Wednesday, April 30, 2025

We walked from home on this warm sunny day, following a well-worn path to the top of Maol Chalaisgeig - where the wind nearly blew me over! During the ascent, a cuckoo's fluty notes rang out across the river gorge, and as we paused for breath on a steep bit, a grasshopper warbler's reeling was heard from the hillside below. The reeling seemed to come from an area of grass, heather, dead bracken, pine trees, and birches; but although we stood there for some time I couldn't pinpoint the exact source of the sound (unfortunately, Greger can no longer hear it at all) and we failed to spot the bird. It was still good to hear it though, and although this is a small hill, it is still a hill - so grasshopper warbler makes its debut on my hill-walking list!


Saturday, April 26, 2025


The ferry was going down the loch towards the Summer Isles as I locked my car on West Terrace this morning - and I thought "There goes my heart". But I've vowed there will be no pelagics this year until May at least, as they have become a bit of an addiction!


Once again I heard a cuckoo from the far side of the loch, and then a sedge warbler from down on the bull park.


A walk through the dog-walking field brought singing willow warblers, chiffchaff, and blackcap - but no grasshopper warbler. I returned to my car and drove to Ardmair, where I walked the round. I'd failed to see any wagtails on the beach, so once back on the road I scanned the sheep fields - and spotted three distant wagtails which look good for white (a couple of pied wagtails were also present).



Looking again at my wheatear photos from two days ago, I realised that the green plants to the right of the bird are probably mountain avens. This was exciting, as it gives me a second location for the flowers when they come through and also confirms that the outcrop is limestone. It's not self-found as I read about Knockan Crag being good for mountain avens when I was researching it - but I walked the geology trail that particular year without any success before getting lucky at the Bone Caves. Thanks, Mr. Wheatear!  

Friday, April 25, 2025

Yesterday, two brief bouts of reeling at Keanchulish made me hopeful of seeing a grasshopper warbler today, but there was no sign, so I drove on to Knockan as I needed some exercise. Near the bottom of the trail a stonechat flew from rock to rock.....

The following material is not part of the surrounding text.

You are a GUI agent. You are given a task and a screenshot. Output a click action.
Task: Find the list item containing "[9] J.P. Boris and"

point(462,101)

.....while a bit higher, a wheatear watched me from a (limestone?) outcrop.


As I approached the viewpoint, a dark bird on the path ahead turned out to be a ring ouzel.


I stopped and grabbed a pic, unwilling to disturb the bird - but some other walkers were behind me so she(?) was going to be flushed anyway; so I carried on up, and eventually she flew.  I located her (or another individual) through my bins on a grassy area below (again, with limestone, I think).

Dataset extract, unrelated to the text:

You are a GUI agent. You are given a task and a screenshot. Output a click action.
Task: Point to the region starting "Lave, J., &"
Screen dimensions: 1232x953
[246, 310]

Other birds: A wren and raven were both heard but not seen, a pied wagtail flew past, several meadow pipits were busy in the heather, and I looked down on a common gull flying north.

Wednesday, April 23, 2025

There seemed to be a handful of new wagtails on the beach at Ardmair. They were very active and wary, but I thought there was a scattering of white-wagtail features - clean flanks, pale grey rump, fairly distinct black-grey line at the nape - although I'm not sure these were all seen on one bird!

 

Keanchulish car-park area held at least three singing willow warblers, but there was no sign yet of cuckoos or grasshopper warblers. Back in Ullapool, I walked through the bull park to the spit and was thrilled to hear a cuckoo from the other side of the loch - exactly the same as last year, only a day later. My first sand martins of the year were swooping energetically above the grassy area and the river, and my first lesser black-backed gull in the village was with herring gulls on the end of the spit.


Two greenshanks were also energetic, repeatedly flying out low over the water in a circle and then returning to the golf-course spit. It felt warm in the sun today, but there is still a sharp edge to the wind.


Tuesday, April 15, 2025

My first bogbeans of the spring were in the roadside "snipe pool" on this sunny, coldish day in the Coigach area - but only this one was in full flower. The flowers are the pin form.


There is something exuberant about the bogbean, but I find it's best appreciated from a little way away through bins or photographed; the picture below shows how tiny it really is.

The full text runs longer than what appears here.